Le chef 6 lui reproche, en signant et scellant les plans venant d'un autre ingénieur
(Bousmal), de s'être attribué le mérite d'un travail d'ingénierie revenant à un confrère.
Quant au chef 7, en signant et scellant des plans provenant d'une personne
non-membre de l'Ordre, il participait ou contribuait à l'exercice illégal de la profession.

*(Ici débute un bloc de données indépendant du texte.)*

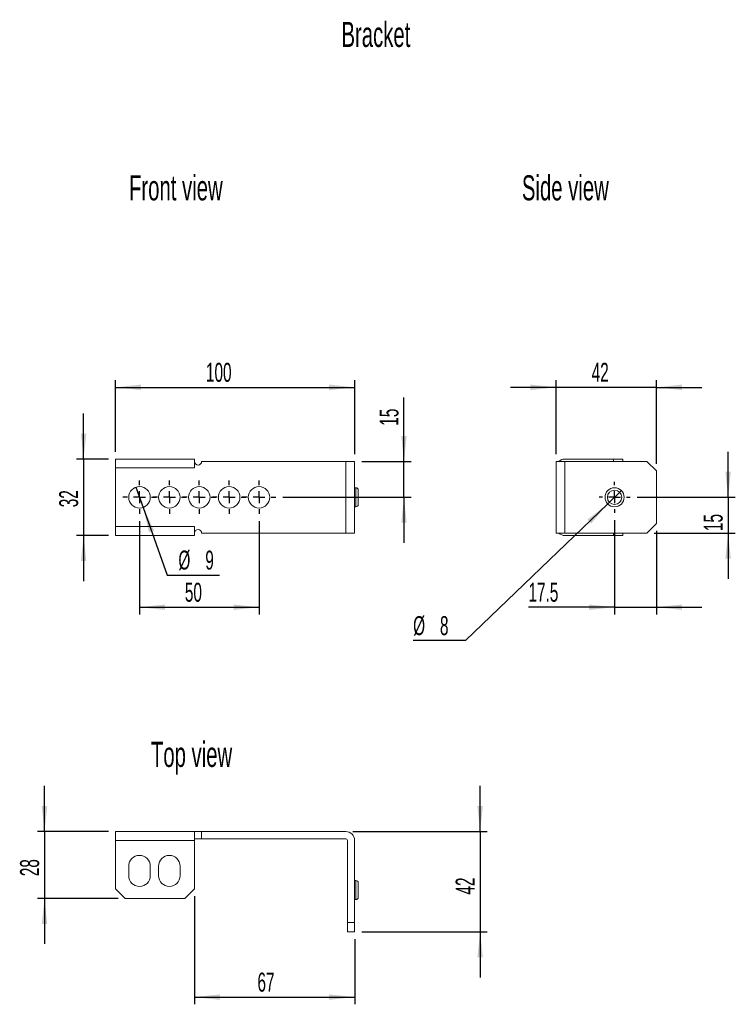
# Model space of a CAD drawing. Header units: millimetres. Extents: x 19 to 285, y 60 to 197.
# Tile 2 of 2: x 185 to 285, y 60 to 197. Entities that reach past the tile are written whole.
import ezdxf

# ---------------------------------------------------------------- set-up
doc = ezdxf.new("R2010")
doc.units = ezdxf.units.MM
doc.layers.add('FORMAT', color=7, linetype='Continuous')
doc.styles.add('SLDTEXTSTYLE0', font='TXT', dxfattribs={"width": 0.605})
doc.dimstyles.new('SLDDIMSTYLE0', dxfattribs={"dimtxt": 2.568319, "dimasz": 3.556, "dimexe": 0, "dimexo": 0.0625, "dimgap": 0.64208, "dimtad": 1, "dimlfac": 3, "dimrnd": 1e-09, "dimzin": 12, "dimdsep": 46, "dimtxsty": 'SLDTEXTSTYLE0', "dimsah": 1, "dimcen": 0.09, "dimadec": 0, "dimazin": 3, "dimtfac": 1, "dimtofl": 0, "dimtmove": 0, "dimatfit": 3, "dimfxl": 1, "dimfrac": 2, "dimtolj": 1, "dimtzin": 12, "dimarcsym": 0})
doc.dimstyles.new('SLDDIMSTYLE1', dxfattribs={"dimtxt": 2.568319, "dimasz": 3.556, "dimexe": 0, "dimexo": 0.0625, "dimgap": 0.64208, "dimtad": 1, "dimdec": 1, "dimlfac": 3, "dimrnd": 1e-09, "dimzin": 12, "dimdsep": 46, "dimtxsty": 'SLDTEXTSTYLE0', "dimsah": 1, "dimcen": 0.09, "dimadec": 0, "dimazin": 3, "dimtfac": 1, "dimtmove": 0, "dimatfit": 0, "dimfxl": 1, "dimfrac": 2, "dimtolj": 1, "dimtzin": 12, "dimarcsym": 0})
doc.dimstyles.new('SLDDIMSTYLE2', dxfattribs={"dimtxt": 2.568319, "dimasz": 3.556, "dimexe": 0, "dimexo": 0.0625, "dimgap": 0.64208, "dimtad": 0, "dimtih": 1, "dimtoh": 1, "dimlfac": 3, "dimrnd": 1e-09, "dimzin": 12, "dimdsep": 46, "dimtxsty": 'SLDTEXTSTYLE0', "dimblk1": 'NONE', "dimsah": 1, "dimcen": 0, "dimadec": 0, "dimazin": 3, "dimtfac": 1, "dimtmove": 0, "dimatfit": 3, "dimldrblk": 'NONE', "dimfxl": 1, "dimfrac": 2, "dimtolj": 1, "dimtzin": 12, "dimarcsym": 0})
doc.dimstyles.new('SLDDIMSTYLE3', dxfattribs={"dimtxt": 2.568319, "dimasz": 3.556, "dimexe": 0, "dimexo": 0.0625, "dimgap": 0.64208, "dimtad": 1, "dimlfac": 3, "dimrnd": 1e-09, "dimzin": 12, "dimdsep": 46, "dimtxsty": 'SLDTEXTSTYLE0', "dimsah": 1, "dimcen": 0.09, "dimadec": 0, "dimazin": 3, "dimtfac": 1, "dimtmove": 0, "dimatfit": 0, "dimfxl": 1, "dimfrac": 2, "dimtolj": 1, "dimtzin": 12, "dimarcsym": 0})

# ---------------------------------------------------------------- blocks, each defined once
blk = doc.blocks.new('_D_13')
at = {"layer": 'FORMAT'}
for p, q in [((198.71, 136.84), (198.71, 146.84)), ((198.71, 145.84), (232.05, 145.84)), ((232.05, 136.51), (232.05, 146.84))]:
    blk.add_line(p, q, dxfattribs=at)
for points in [[(198.71, 145.84), (202.27, 145.46), (202.27, 146.23)], [(232.05, 145.84), (228.49, 146.23), (228.49, 145.46)]]:
    blk.add_solid(points, dxfattribs=at)
at = {"layer": 'FORMAT', "insert": (211.31, 149.26), "char_height": 2.646, "attachment_point": 1, "style": 'SLDTEXTSTYLE0'}
blk.add_mtext('100', dxfattribs=at)
blk = doc.blocks.new('_D_14')
at = {"layer": 'FORMAT'}
for p, q in [((194.25, 135.84), (194.25, 142.19)), ((197.71, 135.84), (193.25, 135.84)), ((194.25, 135.84), (194.25, 125.18)), ((197.71, 125.18), (193.25, 125.18)), ((194.25, 125.18), (194.25, 118.83))]:
    blk.add_line(p, q, dxfattribs=at)
for points in [[(194.25, 135.84), (194.63, 139.4), (193.87, 139.4)], [(194.25, 125.18), (193.87, 121.62), (194.63, 121.62)]]:
    blk.add_solid(points, dxfattribs=at)
at = {"layer": 'FORMAT', "insert": (190.84, 129.12), "char_height": 2.646, "attachment_point": 1, "rotation": 90, "style": 'SLDTEXTSTYLE0'}
blk.add_mtext('32', dxfattribs=at)
blk = doc.blocks.new('_D_15')
at = {"layer": 'FORMAT'}
for p, q in [((201.54, 131.93), (202.55, 129.1)), ((202.55, 129.1), (205.89, 119.67)), ((205.89, 119.67), (213.18, 119.67))]:
    blk.add_line(p, q, dxfattribs=at)
blk.add_solid([(202.55, 129.1), (203.37, 125.62), (204.09, 125.87)], dxfattribs=at)
at = {"layer": 'FORMAT', "attachment_point": 1, "style": 'SLDTEXTSTYLE0'}
for s, insert, char_height in [('%%c', (207.47, 123.08), 2.646), ('9', (211.22, 123.08), 2.65)]:
    blk.add_mtext(s, dxfattribs=dict(at, insert=insert, char_height=char_height))
blk = doc.blocks.new('_NONE')
blk = doc.blocks.new('_D_16')
at = {"layer": 'FORMAT'}
for p, q in [((202.05, 127.18), (202.05, 114.18)), ((218.71, 127.18), (218.71, 114.18)), ((202.05, 115.18), (218.71, 115.18))]:
    blk.add_line(p, q, dxfattribs=at)
for points in [[(202.05, 115.18), (205.6, 114.8), (205.6, 115.56)], [(218.71, 115.18), (215.16, 115.56), (215.16, 114.8)]]:
    blk.add_solid(points, dxfattribs=at)
at = {"layer": 'FORMAT', "insert": (208.37, 118.59), "char_height": 2.646, "attachment_point": 1, "style": 'SLDTEXTSTYLE0'}
blk.add_mtext('50', dxfattribs=at)
blk = doc.blocks.new('_D_17')
at = {"layer": 'FORMAT'}
for p, q in [((238.92, 135.51), (238.92, 144.41)), ((233.05, 135.51), (239.92, 135.51)), ((238.92, 130.51), (238.92, 135.51)), ((222.05, 130.51), (239.92, 130.51)), ((238.92, 130.51), (238.92, 124.16))]:
    blk.add_line(p, q, dxfattribs=at)
for points in [[(238.92, 135.51), (239.3, 139.07), (238.54, 139.07)], [(238.92, 130.51), (238.54, 126.96), (239.3, 126.96)]]:
    blk.add_solid(points, dxfattribs=at)
at = {"layer": 'FORMAT', "insert": (235.51, 140.49), "char_height": 2.646, "attachment_point": 1, "rotation": 90, "style": 'SLDTEXTSTYLE0'}
blk.add_mtext('15', dxfattribs=at)
blk = doc.blocks.new('SW_CENTERMARKSYMBOL_33')
at = {"layer": 'FORMAT', "color": 0}
for p, q in [((0, 1.67), (0, 2.33)), ((-1.67, 0), (-2.33, 0)), ((0, 0), (-0.83, 0)), ((0, 0), (0, 0.83)), ((0, 0), (0, -0.83)), ((0, 0), (0.83, 0)), ((1.67, 0), (2.33, 0)), ((0, -1.67), (0, -2.33))]:
    blk.add_line(p, q, dxfattribs=at)
blk = doc.blocks.new('SW_CENTERMARKSYMBOL_34')
at = {"layer": 'FORMAT', "color": 0}
for p, q in [((0, 1.67), (0, 2.33)), ((-1.67, 0), (-2.33, 0)), ((0, 0), (-0.83, 0)), ((0, 0), (0, 0.83)), ((0, 0), (0, -0.83)), ((0, 0), (0.83, 0)), ((1.67, 0), (2.33, 0)), ((0, -1.67), (0, -2.33))]:
    blk.add_line(p, q, dxfattribs=at)
blk = doc.blocks.new('SW_CENTERMARKSYMBOL_35')
at = {"layer": 'FORMAT', "color": 0}
for p, q in [((0, 1.67), (0, 2.33)), ((-1.67, 0), (-2.33, 0)), ((0, 0), (-0.83, 0)), ((0, 0), (0, 0.83)), ((0, 0), (0, -0.83)), ((0, 0), (0.83, 0)), ((1.67, 0), (2.33, 0)), ((0, -1.67), (0, -2.33))]:
    blk.add_line(p, q, dxfattribs=at)
blk = doc.blocks.new('SW_CENTERMARKSYMBOL_36')
at = {"layer": 'FORMAT', "color": 0}
for p, q in [((0, 1.67), (0, 2.33)), ((-1.67, 0), (-2.33, 0)), ((0, 0), (-0.83, 0)), ((0, 0), (0, 0.83)), ((0, 0), (0, -0.83)), ((0, 0), (0.83, 0)), ((1.67, 0), (2.33, 0)), ((0, -1.67), (0, -2.33))]:
    blk.add_line(p, q, dxfattribs=at)
blk = doc.blocks.new('SW_CENTERMARKSYMBOL_37')
at = {"layer": 'FORMAT', "color": 0}
for p, q in [((0, 1.67), (0, 2.33)), ((-1.67, 0), (-2.33, 0)), ((0, 0), (-0.83, 0)), ((0, 0), (0, 0.83)), ((0, 0), (0, -0.83)), ((0, 0), (0.83, 0)), ((1.67, 0), (2.33, 0)), ((0, -1.67), (0, -2.33))]:
    blk.add_line(p, q, dxfattribs=at)
blk = doc.blocks.new('_D_18')
at = {"layer": 'FORMAT'}
for p, q in [((249.54, 83.9), (249.54, 90.25)), ((231.8, 83.9), (250.54, 83.9)), ((249.54, 83.9), (249.54, 69.9)), ((233.05, 69.9), (250.54, 69.9)), ((249.54, 69.9), (249.54, 63.55))]:
    blk.add_line(p, q, dxfattribs=at)
for points in [[(249.54, 83.9), (249.92, 87.46), (249.16, 87.46)], [(249.54, 69.9), (249.16, 66.35), (249.92, 66.35)]]:
    blk.add_solid(points, dxfattribs=at)
at = {"layer": 'FORMAT', "insert": (246.13, 75.11), "char_height": 2.646, "attachment_point": 1, "rotation": 90, "style": 'SLDTEXTSTYLE0'}
blk.add_mtext('42', dxfattribs=at)
blk = doc.blocks.new('_D_19')
at = {"layer": 'FORMAT'}
for p, q in [((209.71, 74.9), (209.71, 59.81)), ((232.05, 68.9), (232.05, 59.81)), ((209.71, 60.81), (232.05, 60.81))]:
    blk.add_line(p, q, dxfattribs=at)
for points in [[(209.71, 60.81), (213.27, 60.43), (213.27, 61.19)], [(232.05, 60.81), (228.49, 61.19), (228.49, 60.43)]]:
    blk.add_solid(points, dxfattribs=at)
at = {"layer": 'FORMAT', "insert": (218.49, 64.22), "char_height": 2.646, "attachment_point": 1, "style": 'SLDTEXTSTYLE0'}
blk.add_mtext('67', dxfattribs=at)
blk = doc.blocks.new('_D_20')
at = {"layer": 'FORMAT'}
for p, q in [((188.8, 83.9), (188.8, 90.25)), ((197.71, 83.9), (187.8, 83.9)), ((188.8, 83.9), (188.8, 74.57)), ((199.05, 74.57), (187.8, 74.57)), ((188.8, 74.57), (188.8, 68.22))]:
    blk.add_line(p, q, dxfattribs=at)
for points in [[(188.8, 83.9), (189.18, 87.46), (188.42, 87.46)], [(188.8, 74.57), (188.42, 71.01), (189.18, 71.01)]]:
    blk.add_solid(points, dxfattribs=at)
at = {"layer": 'FORMAT', "insert": (185.39, 77.67), "char_height": 2.646, "attachment_point": 1, "rotation": 90, "style": 'SLDTEXTSTYLE0'}
blk.add_mtext('28', dxfattribs=at)
blk = doc.blocks.new('_D_21')
at = {"layer": 'FORMAT'}
for p, q in [((260.12, 145.84), (253.77, 145.84)), ((260.12, 136.51), (260.12, 146.84)), ((274.12, 145.84), (260.12, 145.84)), ((274.12, 135.18), (274.12, 146.84)), ((274.12, 145.84), (280.47, 145.84))]:
    blk.add_line(p, q, dxfattribs=at)
for points in [[(260.12, 145.84), (256.56, 146.23), (256.56, 145.46)], [(274.12, 145.84), (277.68, 145.46), (277.68, 146.23)]]:
    blk.add_solid(points, dxfattribs=at)
at = {"layer": 'FORMAT', "insert": (265.09, 149.26), "char_height": 2.646, "attachment_point": 1, "style": 'SLDTEXTSTYLE0'}
blk.add_mtext('42', dxfattribs=at)
blk = doc.blocks.new('_D_22')
at = {"layer": 'FORMAT'}
for p, q in [((284.12, 130.51), (284.12, 136.86)), ((271.45, 130.51), (285.12, 130.51)), ((284.12, 130.51), (284.12, 125.51)), ((273.79, 125.51), (285.12, 125.51)), ((284.12, 125.51), (284.12, 119.16))]:
    blk.add_line(p, q, dxfattribs=at)
for points in [[(284.12, 130.51), (284.5, 134.07), (283.74, 134.07)], [(284.12, 125.51), (283.74, 121.96), (284.5, 121.96)]]:
    blk.add_solid(points, dxfattribs=at)
at = {"layer": 'FORMAT', "insert": (280.71, 125.8), "char_height": 2.646, "attachment_point": 1, "rotation": 90, "style": 'SLDTEXTSTYLE0'}
blk.add_mtext('15', dxfattribs=at)
blk = doc.blocks.new('_D_23')
at = {"layer": 'FORMAT'}
for p, q in [((268.29, 127.34), (268.29, 114.18)), ((274.12, 125.84), (274.12, 114.18)), ((268.29, 115.18), (256.28, 115.18)), ((268.29, 115.18), (274.12, 115.18)), ((274.12, 115.18), (280.47, 115.18))]:
    blk.add_line(p, q, dxfattribs=at)
for points in [[(268.29, 115.18), (264.73, 115.56), (264.73, 114.8)], [(274.12, 115.18), (277.68, 114.8), (277.68, 115.56)]]:
    blk.add_solid(points, dxfattribs=at)
at = {"layer": 'FORMAT', "insert": (256.28, 118.59), "char_height": 2.646, "attachment_point": 1, "style": 'SLDTEXTSTYLE0'}
blk.add_mtext('17.5', dxfattribs=at)
blk = doc.blocks.new('_D_24')
at = {"layer": 'FORMAT'}
for p, q in [((269.25, 131.44), (267.33, 129.59)), ((267.33, 129.59), (247.49, 110.53)), ((247.49, 110.53), (240.2, 110.53))]:
    blk.add_line(p, q, dxfattribs=at)
blk.add_solid([(267.33, 129.59), (264.5, 127.4), (265.03, 126.85)], dxfattribs=at)
at = {"layer": 'FORMAT', "attachment_point": 1, "style": 'SLDTEXTSTYLE0'}
for s, insert, char_height in [('%%c', (240.2, 113.94), 2.646), ('8', (243.94, 113.94), 2.65)]:
    blk.add_mtext(s, dxfattribs=dict(at, insert=insert, char_height=char_height))
blk = doc.blocks.new('SW_CENTERMARKSYMBOL_38')
at = {"layer": 'FORMAT', "color": 0}
for p, q in [((0, 1.67), (0, 2.17)), ((-1.67, 0), (-2.17, 0)), ((0, 0), (-0.83, 0)), ((0, 0), (0, 0.83)), ((0, 0), (0, -0.83)), ((0, 0), (0.83, 0)), ((1.67, 0), (2.17, 0)), ((0, -1.67), (0, -2.17))]:
    blk.add_line(p, q, dxfattribs=at)

msp = doc.modelspace()

# ---------------------------------------------------------------- linework, layer by layer
at = {"color": 7, "linetype": 'Continuous', "lineweight": 0}
for p, q in [((209.7119, 135.8445), (198.7119, 135.8445)), ((198.7119, 135.8445), (198.7119, 134.599)), ((198.7119, 126.4234), (198.7119, 134.599)), ((198.7119, 134.599), (209.7119, 134.599)), ((209.7119, 135.8445), (209.7119, 135.5112)), ((209.7119, 134.599), (209.7119, 135.5112)), ((210.7119, 135.5112), (230.7997, 135.5112)), ((230.7997, 135.5112), (230.7997, 125.5112)), ((230.7997, 135.5112), (232.0452, 135.5112)), ((232.0452, 125.5112), (232.0452, 135.5112)), ((260.1209, 135.5112), (260.1209, 125.5112)), ((260.1209, 135.5112), (261.3665, 135.5112)), ((268.1209, 135.8445), (261.3665, 135.8445)), ((261.3665, 125.5112), (261.3665, 135.5112)), ((261.3665, 135.5112), (272.7881, 135.5112)), ((269.4543, 135.8445), (268.1209, 135.8445)), ((268.1209, 135.5112), (268.1209, 135.8445)), ((269.4543, 135.8445), (269.4543, 135.5112)), ((274.1214, 134.1779), (272.7881, 135.5112)), ((274.1214, 134.1779), (274.1214, 126.8445)), ((232.2119, 131.8445), (232.0452, 131.8445)), ((232.5452, 130.5112), (232.5452, 131.5112)), ((232.5452, 129.5112), (232.5452, 130.5112)), ((232.0452, 129.1779), (232.2119, 129.1779)), ((209.7119, 126.4234), (198.7119, 126.4234)), ((198.7119, 125.1779), (198.7119, 126.4234)), ((209.7119, 125.5112), (209.7119, 126.4234)), ((272.7881, 125.5112), (274.1214, 126.8445)), ((198.7119, 125.1779), (209.7119, 125.1779)), ((209.7119, 125.5112), (209.7119, 125.1779)), ((230.7997, 125.5112), (210.7119, 125.5112)), ((232.0452, 125.5112), (230.7997, 125.5112)), ((261.3665, 125.5112), (260.1209, 125.5112)), ((272.7881, 125.5112), (261.3665, 125.5112)), ((261.3665, 125.1779), (268.1209, 125.1779)), ((268.1209, 125.1779), (268.1209, 125.5112)), ((269.4543, 125.1779), (268.1209, 125.1779)), ((269.4543, 125.5112), (269.4543, 125.1779)), ((209.7119, 83.9027), (198.7119, 83.9027)), ((198.7119, 82.6571), (198.7119, 83.9027)), ((209.7119, 83.9027), (209.7119, 83.5052)), ((209.7119, 83.9027), (210.7119, 83.9027)), ((230.7997, 83.9027), (210.7119, 83.9027)), ((210.7119, 83.9027), (210.7119, 82.9027)), ((198.7119, 75.9027), (198.7119, 82.6571)), ((198.7119, 82.6571), (209.7119, 82.6571)), ((209.7119, 83.5052), (209.7119, 82.6571)), ((210.7119, 82.9027), (209.7119, 82.9027)), ((209.7119, 82.6571), (209.7119, 75.9027)), ((230.7997, 82.9027), (210.7119, 82.9027)), ((231.0452, 71.2355), (231.0452, 82.6571)), ((232.0452, 71.2355), (232.0452, 82.6571)), ((200.5412, 79.0693), (200.5452, 77.736)), ((200.5452, 77.736), (200.5452, 79.0693)), ((203.5412, 79.0693), (203.5452, 77.736)), ((204.7119, 79.0693), (204.7119, 77.736)), ((207.7119, 79.0693), (207.7119, 77.736)), ((232.2119, 77.0689), (232.0452, 77.0689)), ((198.7119, 75.9027), (200.0452, 74.5693)), ((208.3786, 74.5693), (209.7119, 75.9027)), ((232.5452, 74.7355), (232.5452, 76.7355)), ((208.3786, 74.5693), (200.0452, 74.5693)), ((232.0452, 74.4022), (232.2119, 74.4022)), ((231.0452, 69.9022), (231.0452, 71.2355)), ((231.0452, 71.2355), (232.0452, 71.2355)), ((232.0452, 71.2355), (232.0452, 69.9022)), ((232.0452, 69.9022), (231.0452, 69.9022))]:
    msp.add_line(p, q, dxfattribs=at)
at = {"color": 8, "linetype": 'Continuous', "lineweight": 0}
for p, q in [((232.2119, 129.1779), (232.2119, 131.8445)), ((232.2119, 74.4022), (232.2119, 77.0689))]:
    msp.add_line(p, q, dxfattribs=at)
at = {"color": 7, "linetype": 'Continuous', "lineweight": 0}
for centre, radius in [((202.0452, 130.5112), 1.5), ((206.2119, 130.5112), 1.5), ((210.3786, 130.5112), 1.5), ((214.5452, 130.5112), 1.5), ((218.7119, 130.5112), 1.5), ((268.2881, 130.5112), 1.3333), ((268.2881, 130.5112), 1)]:
    msp.add_circle(centre, radius, dxfattribs=at)
for centre, radius, start, end in [((210.2119, 135.5112), 0.5, 180, 0), ((261.3665, 134.599), 1.2455, 90, 132.913959), ((232.2119, 131.5112), 0.3333, 0, 90), ((232.2119, 129.5112), 0.3333, 270, 0), ((210.2119, 125.5112), 0.5, 0, 180), ((261.3665, 126.4234), 1.2455, 227.086041, 270), ((230.7997, 82.6571), 1.2455, 0, 90), ((230.7997, 82.6571), 0.2455, 0, 90), ((202.0412, 79.0693), 1.5, 0, 180), ((202.0452, 79.0693), 1.5, 90.077368, 180), ((206.2119, 79.0693), 1.5, 0, 180), ((202.0452, 77.736), 1.5, 180, 0), ((206.2119, 77.736), 1.5, 180, 0), ((232.2119, 76.7355), 0.3333, 360, 90), ((232.2119, 74.7355), 0.3333, 270, 0)]:
    msp.add_arc(centre, radius, start, end, dxfattribs=at)

# ---------------------------------------------------------------- block references
at = {"layer": 'FORMAT'}
for name, p in [('SW_CENTERMARKSYMBOL_36', (202.0452, 130.5112)), ('SW_CENTERMARKSYMBOL_37', (206.2119, 130.5112)), ('SW_CENTERMARKSYMBOL_35', (210.3786, 130.5112)), ('SW_CENTERMARKSYMBOL_34', (214.5452, 130.5112)), ('SW_CENTERMARKSYMBOL_33', (218.7119, 130.5112)), ('SW_CENTERMARKSYMBOL_38', (268.2881, 130.5112))]:
    msp.add_blockref(name, p, dxfattribs=at)

# ---------------------------------------------------------------- texts
at = {"layer": 'FORMAT', "char_height": 3.5, "attachment_point": 1, "style": 'SLDTEXTSTYLE0'}
for s, insert in [('Bracket', (230.2064, 196.8077)), ('Front view', (200.5805, 175.4112)), ('Side view', (255.3649, 175.4112)), ('Top view', (203.6371, 96.4088))]:
    msp.add_mtext(s, dxfattribs=dict(at, insert=insert))

# ---------------------------------------------------------------- dimensions: what is measured, and where the dimension line sits
at = {"layer": 'FORMAT'}
for base, p1, p2, dimstyle, picture, middle in [((232.0452, 145.8446), (198.7119, 135.8445), (232.0452, 135.5112), 'SLDDIMSTYLE0', '_D_13', (214.2463, 145.8446)), ((260.1209, 145.8446), (274.1214, 134.1779), (260.1209, 135.5112), 'SLDDIMSTYLE3', '_D_21', (267.0522, 145.8446)), ((218.7119, 115.1778), (202.0452, 128.1779), (218.7119, 128.1779), 'SLDDIMSTYLE0', '_D_16', (210.3274, 115.1778)), ((274.1214, 115.1778), (268.2881, 128.3445), (274.1214, 126.8445), 'SLDDIMSTYLE1', '_D_23', (259.7095, 115.1778)), ((232.0452, 60.8077), (209.7119, 75.9027), (232.0452, 69.9022), 'SLDDIMSTYLE0', '_D_19', (220.4533, 60.8077))]:
    dim = msp.add_linear_dim(base=base, p1=p1, p2=p2, dimstyle=dimstyle, dxfattribs=at)
    dim.commit()
    dim.dimension.update_dxf_attribs({"geometry": picture, "text_midpoint": middle, "dimtype": 160})
for base, p1, p2, picture, middle in [((238.9186, 135.5112), (221.0452, 130.5112), (232.0452, 135.5112), '_D_17', (238.9186, 142.4458)), ((194.2511, 125.1779), (198.7119, 135.8445), (198.7119, 125.1779), '_D_14', (194.2511, 131.0813)), ((284.1214, 125.5112), (270.4547, 130.5112), (272.7881, 125.5112), '_D_22', (284.1214, 127.7566)), ((188.7963, 74.5693), (198.7119, 83.9027), (200.0452, 74.5693), '_D_20', (188.7963, 79.6272)), ((249.5387, 69.9022), (230.7997, 83.9027), (232.0452, 69.9022), '_D_18', (249.5387, 77.0705))]:
    dim = msp.add_linear_dim(base=base, p1=p1, p2=p2, angle=90, dimstyle='SLDDIMSTYLE3', dxfattribs=at)
    dim.commit()
    dim.dimension.update_dxf_attribs({"geometry": picture, "text_midpoint": middle, "dimtype": 160})
for p1, p2, picture, middle in [((201.5444, 131.9251), (202.546, 129.0973), '_D_15', (210.3274, 121.8048)), ((269.2495, 131.435), (267.3266, 129.5874), '_D_24', (243.0514, 112.6676))]:
    dim = msp.add_diameter_dim_2p(p1=p1, p2=p2, dimstyle='SLDDIMSTYLE2', dxfattribs=at)
    dim.commit()
    dim.dimension.update_dxf_attribs({"geometry": picture, "text_midpoint": middle, "dimtype": 163})

doc.saveas('drawing.dxf')

[40] Écrivant n'avoir pas eu d'intention malhonnête, il admet avoir fait preuve
d'imprudence et avoir agi avec célérité.
[41] Le chef 8 : omis de faire preuve d'une disponibilité et d'une diligence
raisonnable. Cette infraction prévue à l'article 3.03.01 du Code de déontologie se
retrouve dans la section III : Devoirs et obligations envers le client. Et non pas envers
toute personne qui peut demander de l'information. C'est la section II qui concerne les
relations avec le public, et la section IV concerne les relations avec la profession ou
l'Ordre.
[42] L'appelant prétend que le Comité a gravement erré en droit en concluant à
l'application de l'article 3.03.01 à l'égard d'organismes gouvernementaux ou de
mandataires de l'Ordre. Selon lui, pour appliquer cet article, il faut une preuve de
laxisme ou d'insouciance envers le client. Or, le témoignage de Blanchard prouve
plutôt le manque de collaboration et de disponibilité de ce dernier.
7
D.C., vol. XII, p. 2229.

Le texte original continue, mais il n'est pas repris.